Automatic Gain Control
Introduction
The Automatic Gain Control operator watches the brightness of a chosen area of the picture, compares it against a stored reference, and — if you ask it to — nudges the image back toward that reference. It is a one-knob fix for exposure that drifts: cameras whose auto-iris hunts in mixed lighting, keys that lose their punch as the sun moves across a studio window, ambient feeds that gradually darken across an afternoon, signage that must hold a consistent on-screen brightness regardless of the input.
The workflow is always the same three steps. Position the sensor area so it covers the part of the frame whose brightness you actually care about. Store a reference luminance when the scene looks correctly exposed. Then either leave the operator in report-only mode — surfacing the live measurement and a "changed" flag for scripts and connectors to react to — or switch on Luminance autocorrect and let it hold the image steady on its own.
How it works
Every frame, the operator averages the brightness of every pixel inside the sensor rectangle. That single number is exposed three ways:
- Measured luminance (avg) — the live reading, as a percentage. 100 % is pure white, 0 % pure black.

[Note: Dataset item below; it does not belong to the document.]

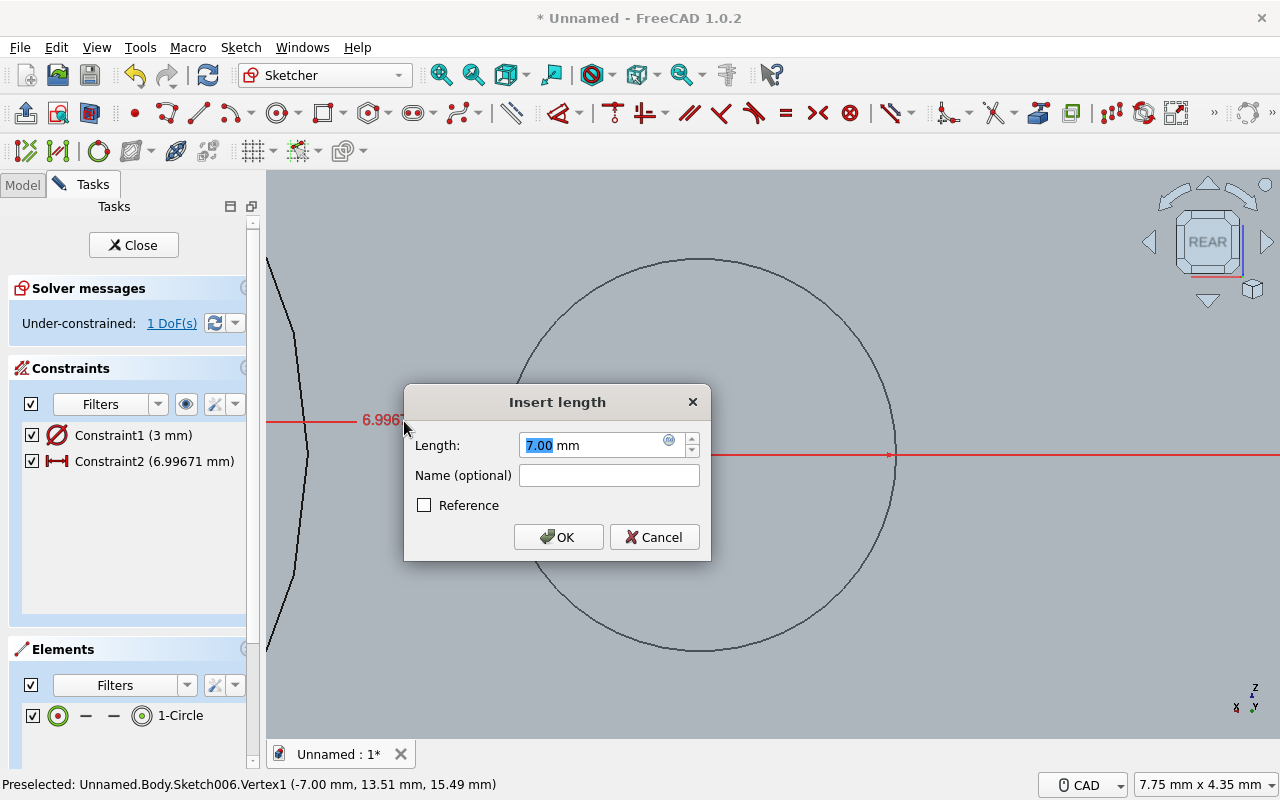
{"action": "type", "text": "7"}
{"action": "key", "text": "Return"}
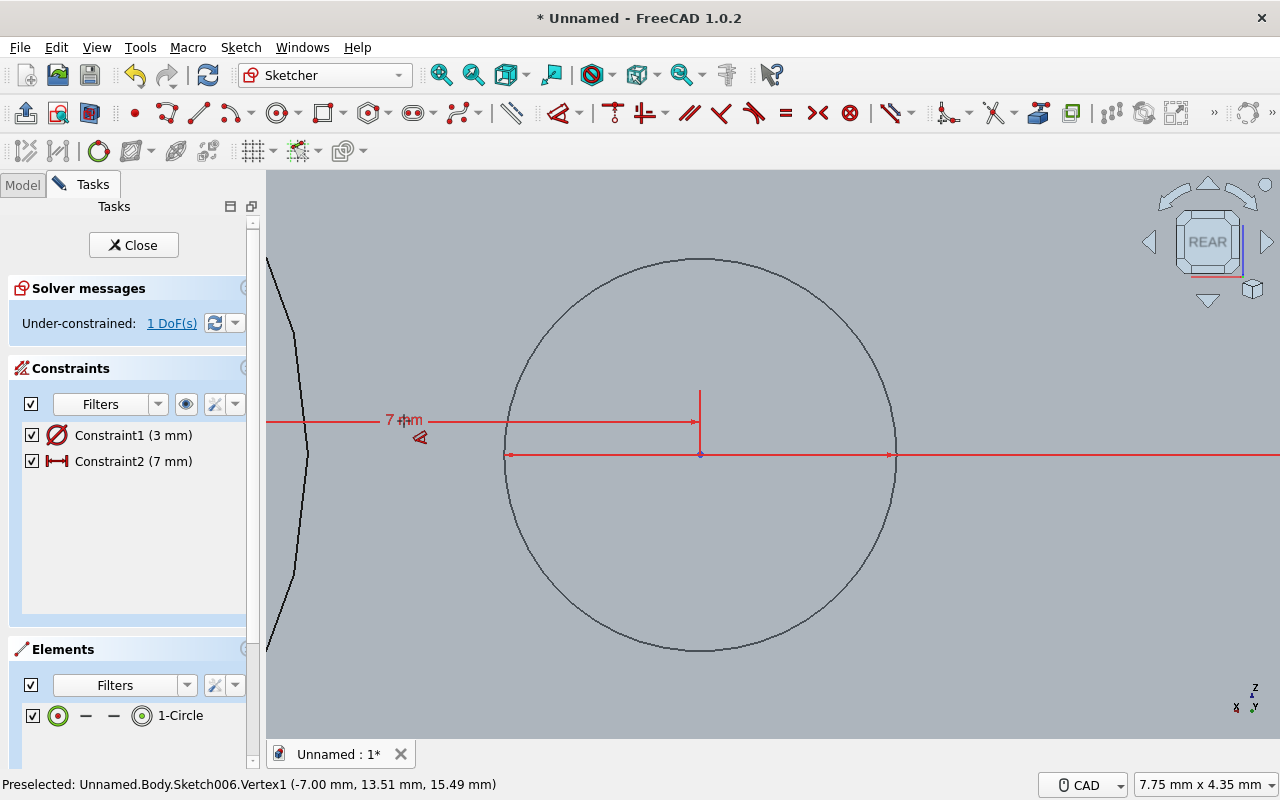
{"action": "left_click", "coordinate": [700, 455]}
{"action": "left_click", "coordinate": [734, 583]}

- Luminance change (%) — the current measurement minus the stored reference. Negative means the scene is darker than when you stored the reference; positive means brighter.
- Luminance changed — a boolean that flips true the moment the live measurement diverges from the stored value. Drive it from a Connector to light up a UI indicator, or read it from a script to log alerts when a feed dips or spikes.

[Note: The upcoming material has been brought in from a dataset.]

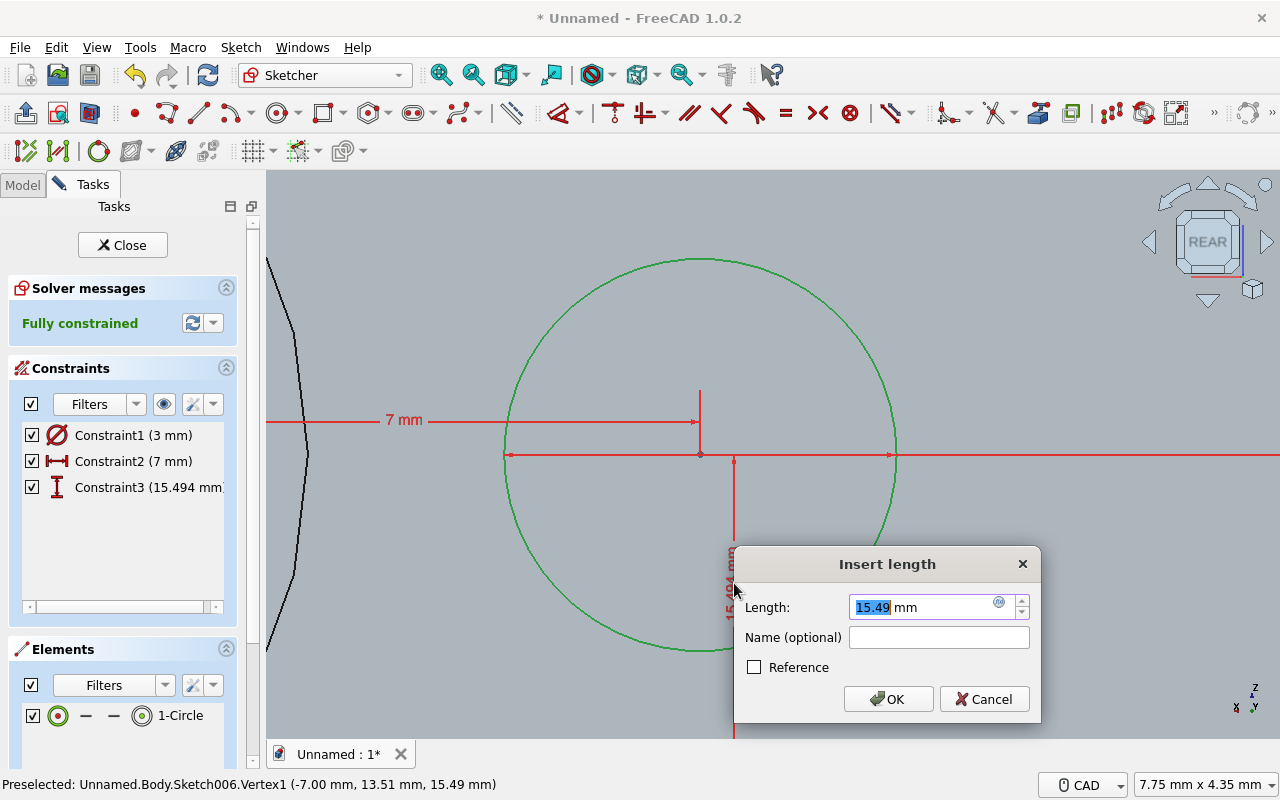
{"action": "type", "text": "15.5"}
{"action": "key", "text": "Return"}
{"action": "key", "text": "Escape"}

When Luminance autocorrect is on, the operator uses the same change value to apply a brightness offset to the picture, pulling the output back toward the stored reference. Turn it off when the Show Crop Area overlay is showing — autocorrect is suppressed in that mode so you can configure the sensor without the picture jumping around underneath you.
Sensor area
Two ways to tell the operator where to look:
- Use full image — average over every pixel in the frame. The right choice when overall scene brightness is what you want to stabilise.
- Crop Left / Right / Top / Bottom — restrict the sensor to a rectangle. Use this when only one region should drive the gain. Common examples: a presenter's face but not the LED wall behind them; the sky in a wide outdoor shot; a product on a turntable but not the studio floor. The crop sliders are locked while Use full image is on, and unlocked the moment you switch it off.

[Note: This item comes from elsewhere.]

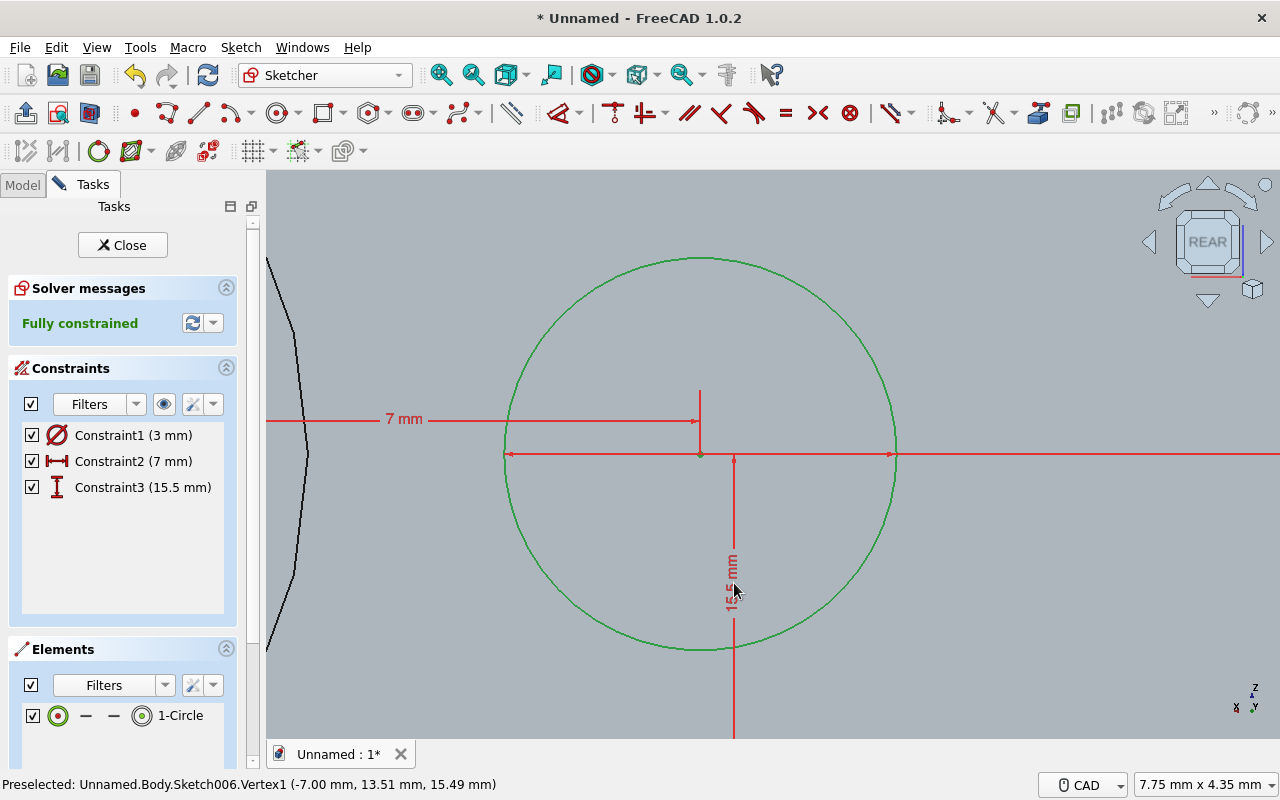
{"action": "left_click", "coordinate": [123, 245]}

Show Crop Area overlays the configured rectangle on the output so you can confirm the sensor is where you think it is. Turn it on while positioning, then off before going live — autocorrect won't run while the overlay is visible.
Storing a reference
The reference luminance is the target the operator pulls toward. Store luminance captures the current measurement and freezes it as that target. Run it when the scene is correctly exposed and lit the way you want it; the value persists with the project. Re-store after changing the sensor area, since a new region will almost certainly read a different average.
Stored luminance (%) is the captured value, displayed for reference. Until something has been stored the operator runs in pure measurement mode — no autocorrect, no "changed" flag.
Two modes of use
Report-only. Leave Luminance autocorrect off. The operator becomes a passive exposure meter: it never touches the picture, just surfaces Measured luminance, Luminance change, and Luminance changed. Script against those values to log drift, switch to a backup source when a feed darkens, page an operator when an outdoor camera loses sun, or feed the readings to a dashboard.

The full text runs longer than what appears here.